Qui
suis-je ?
Souvent, je me pose cette question. Et la réponse ne vient
jamais. En fait, la réponse vient, mais le problème,
c’est qu’elle est souvent différente à chaque
fois que je m’interroge. Alors, je mets à plat toutes
ses réponses, je les range les unes à coté des autres. Je
me dis que toutes ces explications confuses, de moi-même,
forment un tout cohérent, moi. Parfois je rencontre
quelqu’un, une personne proche, un inconnu, et à
travers eux, j’essaie de me voir, je leur demande de
me percer. Avec un œil neuf, ou au contraire avec un
regard habitué, j’obtiens mon analyse. Je la
confronte avec ce qui me semblait admis ou compris. Il en
ressort une spirale infinie qui remet en question ce que je
croyais avoir défini en moi. Mais alors pourquoi est-ce si
compliqué ?
Au départ j’ai posé le problème à l’envers.
Plutot que de chercher à savoir qui j’étais, je me
suis créé une personnalité qui me plaisait.
Autant être à l’aise dans ses baskets, choisir qui on
est, définir ses réactions, ce que l’on aime, ce
qu’on déteste. Je fabriquais mon moi.
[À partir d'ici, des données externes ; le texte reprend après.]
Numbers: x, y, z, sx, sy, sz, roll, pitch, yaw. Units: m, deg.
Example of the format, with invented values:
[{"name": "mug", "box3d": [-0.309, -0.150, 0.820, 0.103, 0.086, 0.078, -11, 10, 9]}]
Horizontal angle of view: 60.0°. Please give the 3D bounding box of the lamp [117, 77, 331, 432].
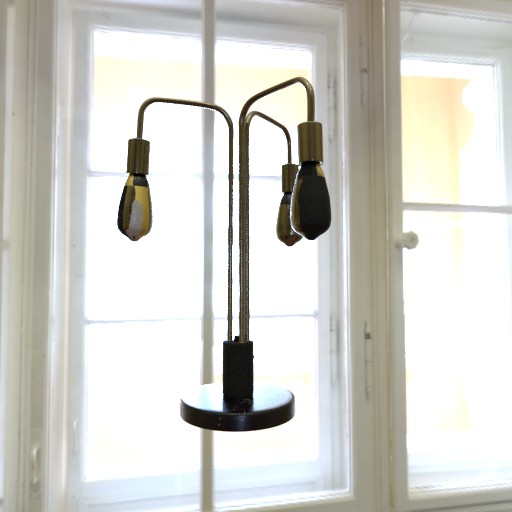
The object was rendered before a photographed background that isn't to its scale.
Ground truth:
[{"name": "lamp", "box3d": [0.000, 0.000, 0.805, 0.355, 0.560, 0.368, -1, -2, 36]}]
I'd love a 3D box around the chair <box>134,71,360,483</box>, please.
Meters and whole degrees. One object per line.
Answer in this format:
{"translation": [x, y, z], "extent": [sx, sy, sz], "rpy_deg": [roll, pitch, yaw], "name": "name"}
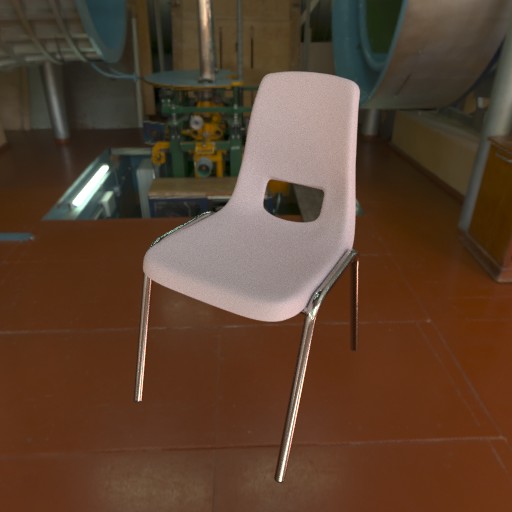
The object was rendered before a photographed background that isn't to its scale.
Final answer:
{"translation": [0.000, 0.000, 0.902], "extent": [0.381, 0.653, 0.436], "rpy_deg": [17, 34, 27], "name": "chair"}
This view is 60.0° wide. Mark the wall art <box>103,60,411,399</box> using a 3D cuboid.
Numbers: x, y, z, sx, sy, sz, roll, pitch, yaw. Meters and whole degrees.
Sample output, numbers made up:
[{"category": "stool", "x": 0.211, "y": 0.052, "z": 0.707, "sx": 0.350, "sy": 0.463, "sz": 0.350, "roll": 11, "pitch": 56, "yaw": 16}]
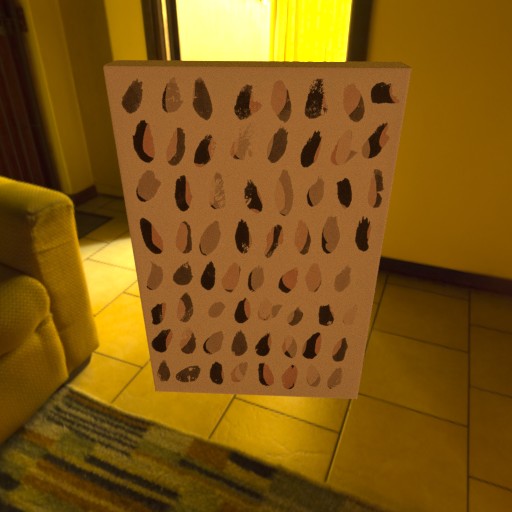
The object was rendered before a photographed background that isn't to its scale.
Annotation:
[{"category": "wall art", "x": 0.000, "y": 0.000, "z": 0.475, "sx": 0.252, "sy": 0.381, "sz": 0.039, "roll": 1, "pitch": 30, "yaw": 2}]

Ca fonctionne
quelques années, on s’endort sur sa pseudo réussite,
on acquière une confiance en soi démesurée puisqu’on
ne se remet pas en question. On ne doute pas, on n’a
pas de scrupule, on est parfait. Et puis les temps
changent. Certains évènements extérieurs me font réagir
d’une façon que je ne désirais pas. Cela
m’ennuie, je n’avais pas prévu de perdre le
contrôle de ma personnalité. Elle ne faisait plus ce que
j’aimais être. Les questions viennent. J’avais
réussi à me définir, à me construire, et quelqu’un ou
quelque chose avait le moyen de me transformer.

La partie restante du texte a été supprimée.